In der knapp zweistündigen Aufführung wird schnell deutlich, was 23 Jahre unerfüllte Erwartungen ausmachen können. Die Wut und die Enttäuschung lassen Martha zu einem emotionalen Tyrannen werden. Wahrlich keine leichte Aufgabe, einen derart hasserfüllten und bösartigen Menschen dem Publikum adäquat zu präsentieren. Crescentia Dünßer löste es souverän, teilweise jedoch eine Nuance zu übertrieben; ein paar Dezibel weniger hätten es dann und wann auch getan. Sie blühte mit Feindseligkeiten regelrecht auf und sogar George, herausragend dargestellt von Tobias Beyer, schien überrascht, dass Martha in dieser Nacht den Superlativ der Hässlichkeit erreichen konnte.
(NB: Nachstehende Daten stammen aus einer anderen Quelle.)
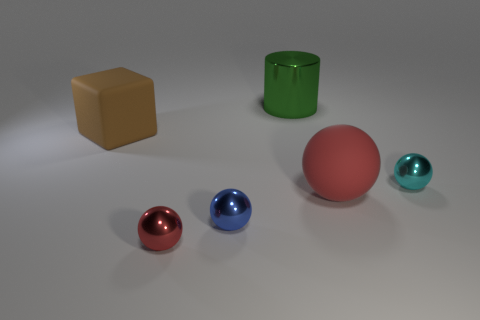Add 2 blue spheres. How many objects exist? 8 Subtract all cylinders. How many objects are left? 5 Add 3 blue spheres. How many blue spheres exist? 4 Subtract 0 yellow balls. How many objects are left? 6 Subtract all small objects. Subtract all large cubes. How many objects are left? 2 Add 6 large objects. How many large objects are left? 9

Wie mit einem Gewehr entledigten sie sich, gegeneinander gerichtet, aller Hemmungen und angestauter Emotionen.
Es ist auch die verbale Kreativität aller Schauspieler, die dieses Stück im Kleinen Haus des Staatstheaters Braunschweig sehenswert macht. Eine Übernahme vom Alten Schauspielhaus Stuttgart übrigens. Trotz aller Bösartigkeiten ist die Szenerie nicht minder komisch, und zwischendurch ertappt man sich immer wieder die Frage stellend: Werde ich auch mal so wie Martha?
Eine 23-jährige Hassliebe ist schwer zu beenden, teilweise lässt sich eine gewisse Genugtuung in den gegenseitigen Beleidigungen feststellen. Diese Art der Kommunikation und der emotionalen Ausschlachtung scheint beide im Kern zu befriedigen.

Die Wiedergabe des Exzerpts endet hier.